Indian actor, director and producer (born 1966)

Jamnadas "JD" Majethia (born 5 February 1969) is an Indian actor, director and producer. He is well known for his work in Gujarati and Hindi plays, dramas, serials and film.

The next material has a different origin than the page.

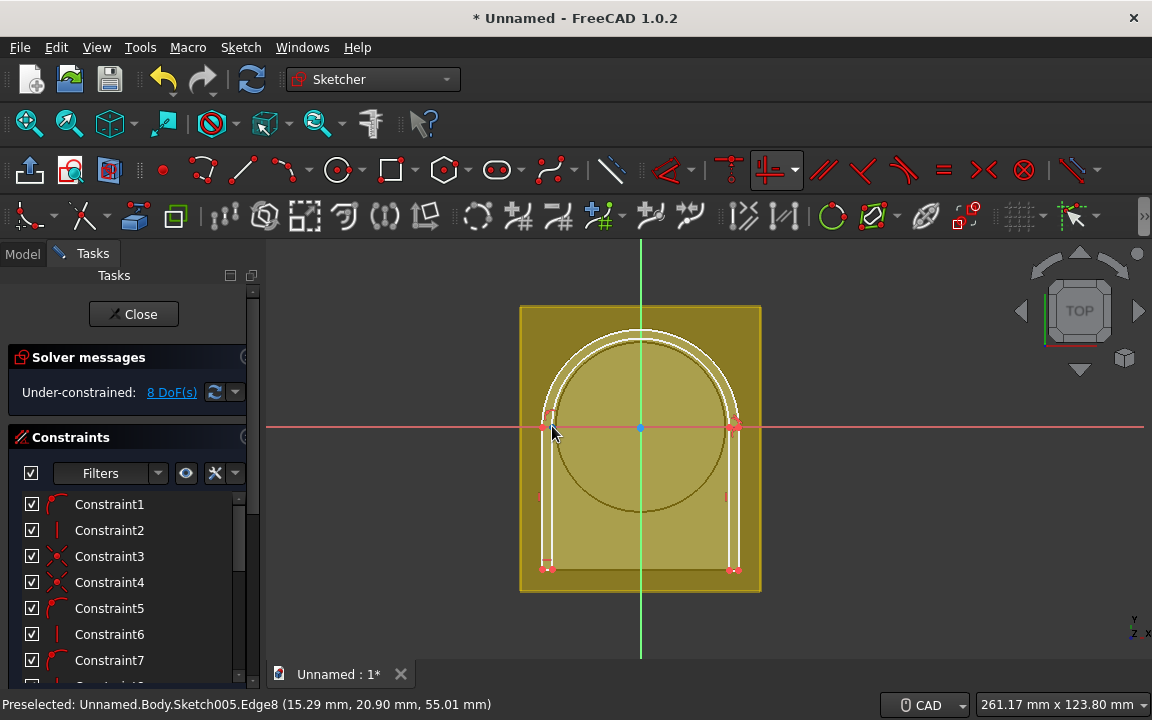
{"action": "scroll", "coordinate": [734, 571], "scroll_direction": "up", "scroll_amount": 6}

Having given successful cult shows like Badi Door Se Aaye Hain, Wagle Ki Duniya, Sarabhai vs Sarabhai, and Khichdi, he is a very successful showmaker. On stage, he has been active in Gujarati theater for the last 20 years. He formed a company Hats Off Productions. While he is usually associated with comic roles, he is also known to portray supporting characters to a certain extent.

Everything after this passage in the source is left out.